E-Book Read - Read Book for free : 50,000+
Download free book with green book : 100,000+
Wikipedia : 10,000,000+
Cool Reader : 10,000,000+
Free Panda Radio Music : 100,000+
Book store : 1,000,000+
FBReader: Favorite Book Reader : 10,000,000+
English Grammar Complete Handbook : 500,000+
Free Books - Spirit Fanfiction and Stories : 1,000,000+
Google Play Books : 1,000,000,000+
AlReader -any text book reader : 5,000,000+
Offline English Dictionary : 100,000+
Offline: English to Tagalog Dictionary : 500,000+
FamilySearch Tree : 1,000,000+
Cloud of Books : 1,000,000+
Recipes of Prophetic Medicine for free : 500,000+
ReadEra – free ebook reader : 1,000,000+
Anonymous caller detection : 10,000+
Ebook Reader : 5,000,000+
Litnet - E-books : 100,000+
Read books online : 5,000,000+
English to Urdu Dictionary : 500,000+
eBoox: book reader fb2 epub zip : 1,000,000+
English Persian Dictionary : 500,000+
Flybook : 500,000+
All Maths Formulas : 1,000,000+
Ancestry : 5,000,000+
HTC Help : 10,000,000+
E

In [47]:
for app in google_English_apps:
    if app[1] == 'BOOKS_AND_REFERENCE' and (app[5] == '1,000,000,000+'
                                            or app[5] == '500,000,000+'
                                            or app[5] == '100,000,000+'):
        print(app[0], ':', app[5])

Google Play Books : 1,000,000,000+
Bible : 100,000,000+
Amazon Kindle : 100,000,000+
Wattpad 📖 Free Books : 100,000,000+
Audiobooks from Audible : 100,000,000+


It looks like only a few apps are extremely popular, so this niche still shows potential.
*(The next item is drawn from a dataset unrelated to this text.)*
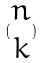Convert formula to latex. <formula><loc_0><loc_0><loc_500><loc_500>( \begin{matrix} n \\ k \end{matrix} )</formula> 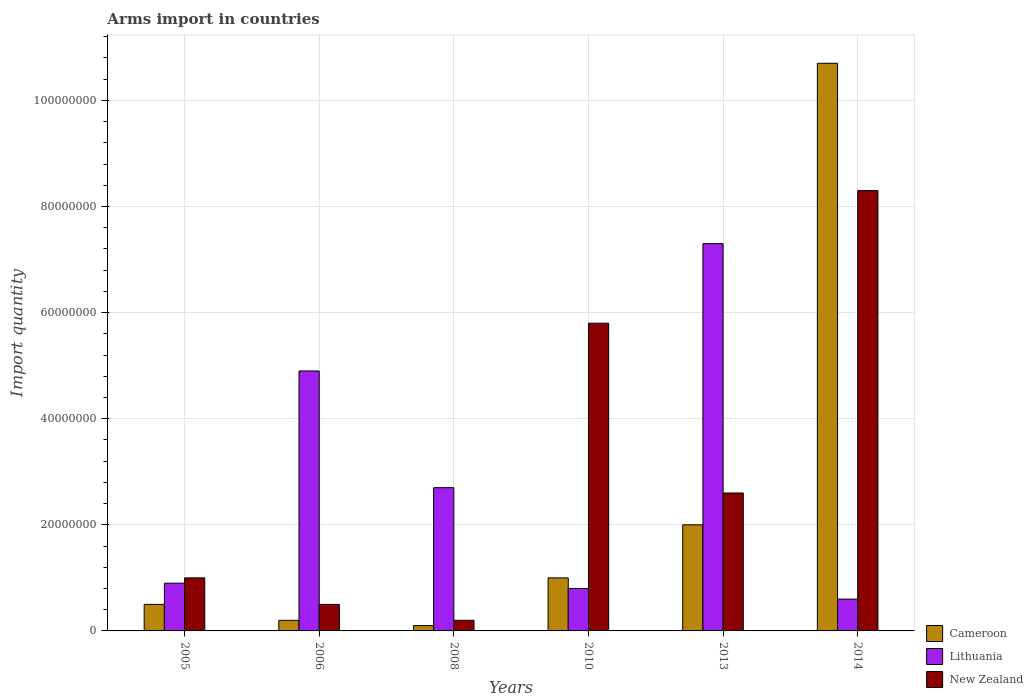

Therefore, I would recommend __Books and reference__ to be within our consideration.

## Conclusions

In this project, we analyse datasets about apps in the App Store and Google Play, aiming to find out the most potential app genre to help out company to make data-driven decisions.

For both App Store and Google Play, my recommendation of genre is __Books and reference__.